REQUIRED WORK — Only the text should be kept: print every entry below exactly and leave each image out.

EXCERPTED RECORDS —
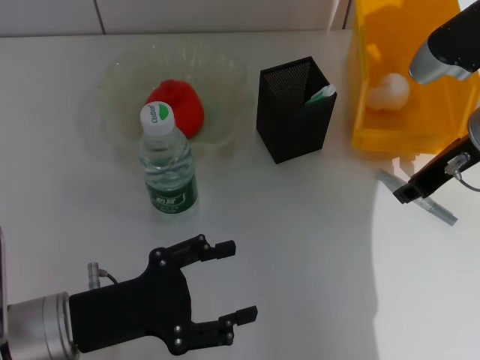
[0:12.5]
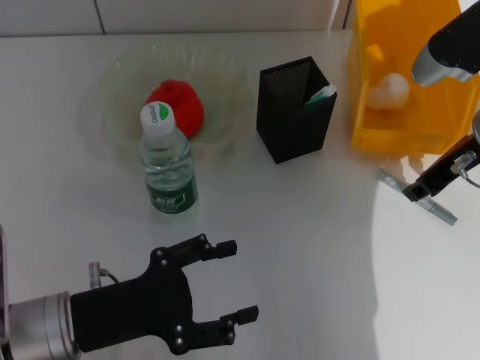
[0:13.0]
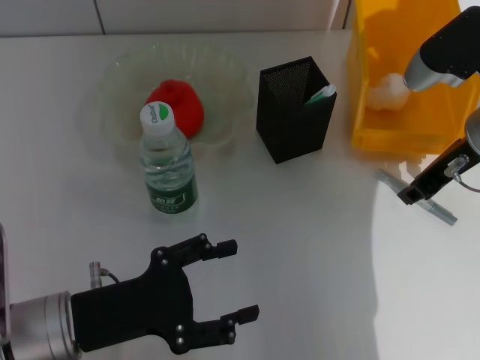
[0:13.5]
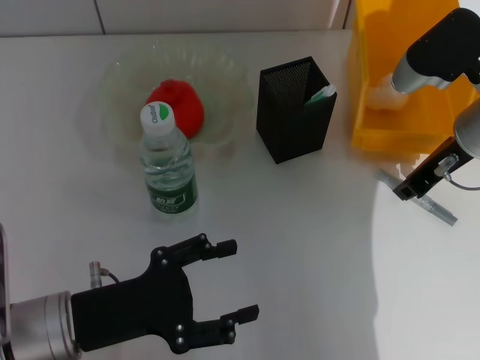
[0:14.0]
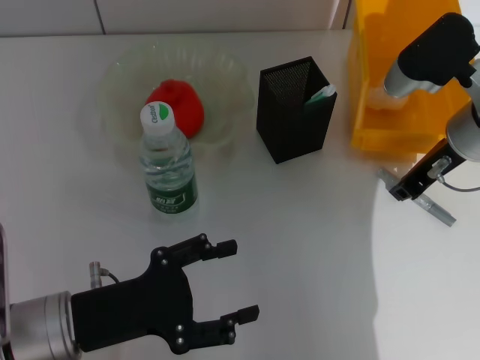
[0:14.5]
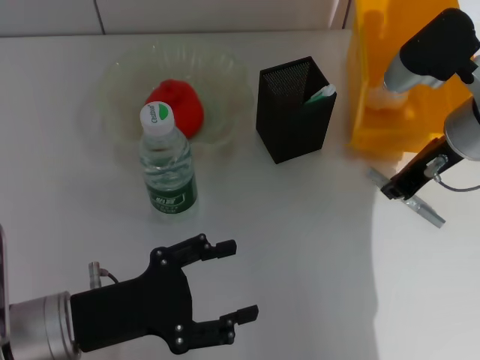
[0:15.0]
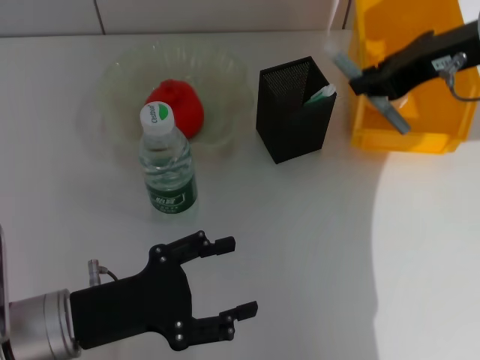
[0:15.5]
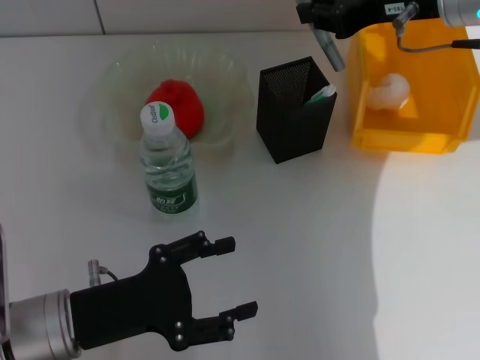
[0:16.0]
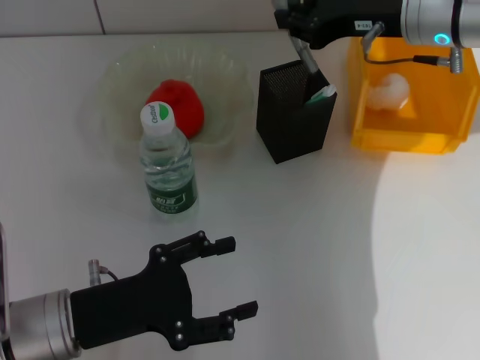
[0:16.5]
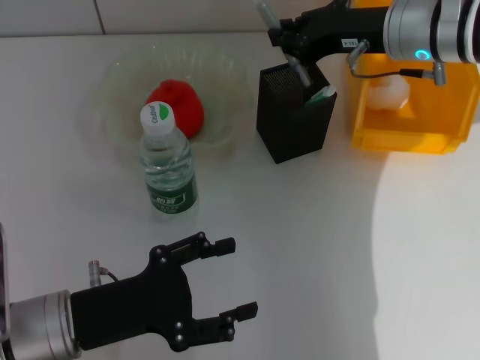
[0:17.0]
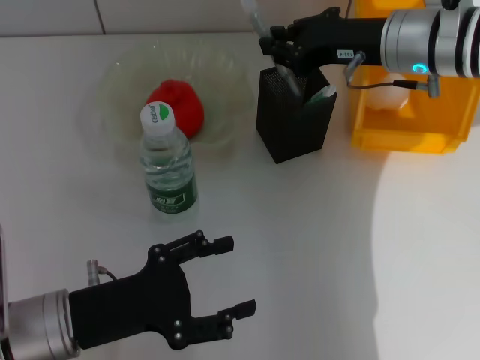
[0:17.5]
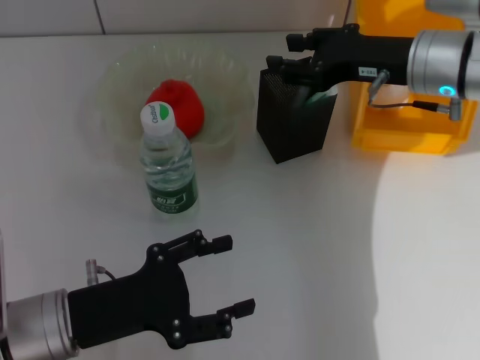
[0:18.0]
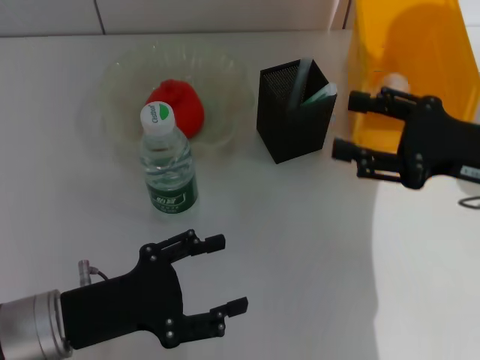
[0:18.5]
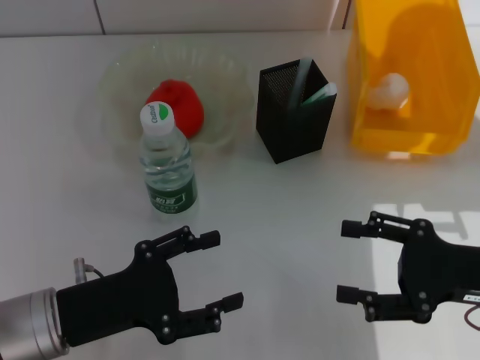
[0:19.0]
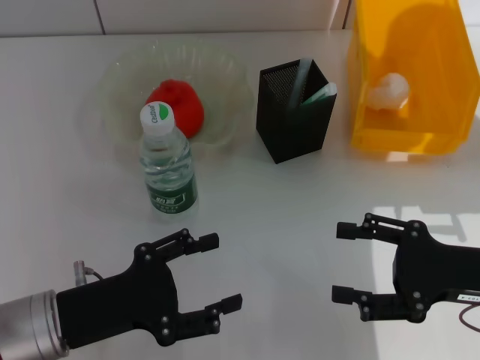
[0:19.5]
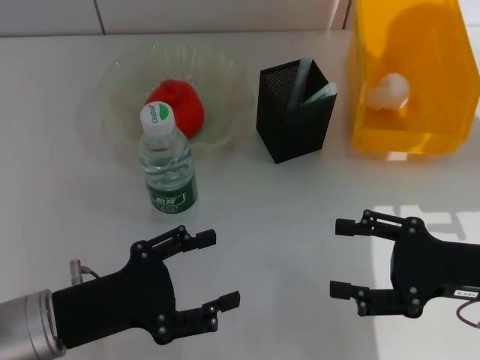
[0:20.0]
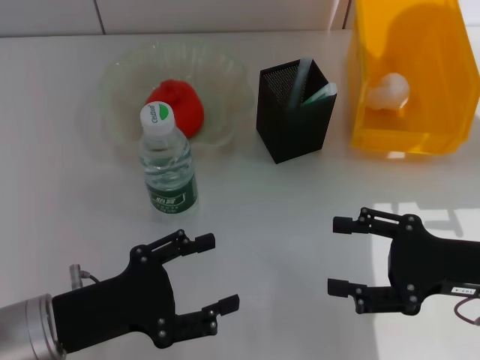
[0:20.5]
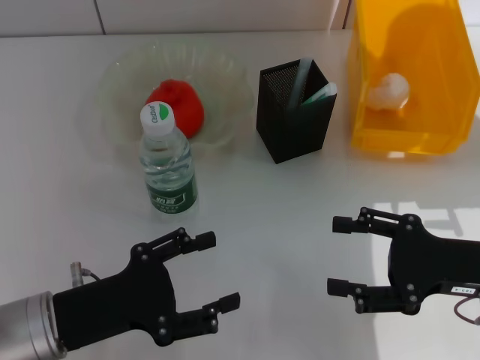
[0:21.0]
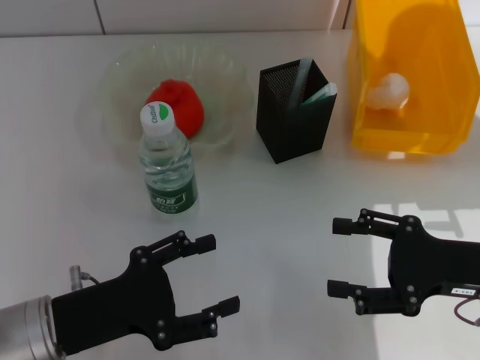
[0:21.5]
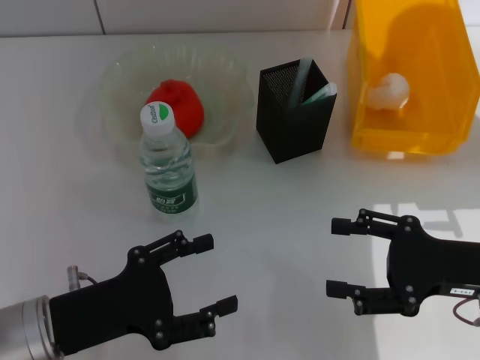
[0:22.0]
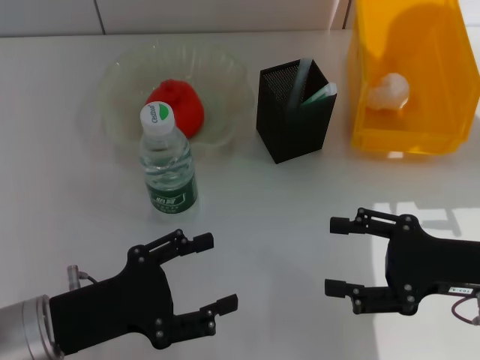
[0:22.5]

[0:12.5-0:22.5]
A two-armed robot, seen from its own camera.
Step, 0:13.0 to 0:18.0: Place the gray glue into the pen holder with the right hand.
0:12.5 to 0:14.5: There are only small adjustments of the grippers.
0:14.5 to 0:16.5: The right gripper goes about 5 cm upward.
0:16.5 to 0:18.5: The right gripper shifts some 15 cm backward, to the right and downward, and opens up.
0:18.5 to 0:20.5: The right gripper travels downward and backward by some 10 cm.
0:20.5 to 0:22.5: Neither gripper changes place.

EXERCISE SOLUTION —
[0:12.5]
[0:13.0]
[0:13.5]
[0:14.0]
[0:14.5]
[0:15.0]
[0:15.5]
[0:16.0]
[0:16.5]
[0:17.0]
[0:17.5]
[0:18.0]
[0:18.5]
[0:19.0]
[0:19.5]
[0:20.0]
[0:20.5]
[0:21.0]
[0:21.5]
[0:22.0]
[0:22.5]

[0:12.5-0:22.5]
A two-armed robot, seen from its own camera.
Step, 0:13.0 to 0:18.0: Place the gray glue into the pen holder with the right hand.
0:12.5 to 0:14.5: There are only small adjustments of the grippers.
0:14.5 to 0:16.5: The right gripper goes about 5 cm upward.
0:16.5 to 0:18.5: The right gripper shifts some 15 cm backward, to the right and downward, and opens up.
0:18.5 to 0:20.5: The right gripper travels downward and backward by some 10 cm.
0:20.5 to 0:22.5: Neither gripper changes place.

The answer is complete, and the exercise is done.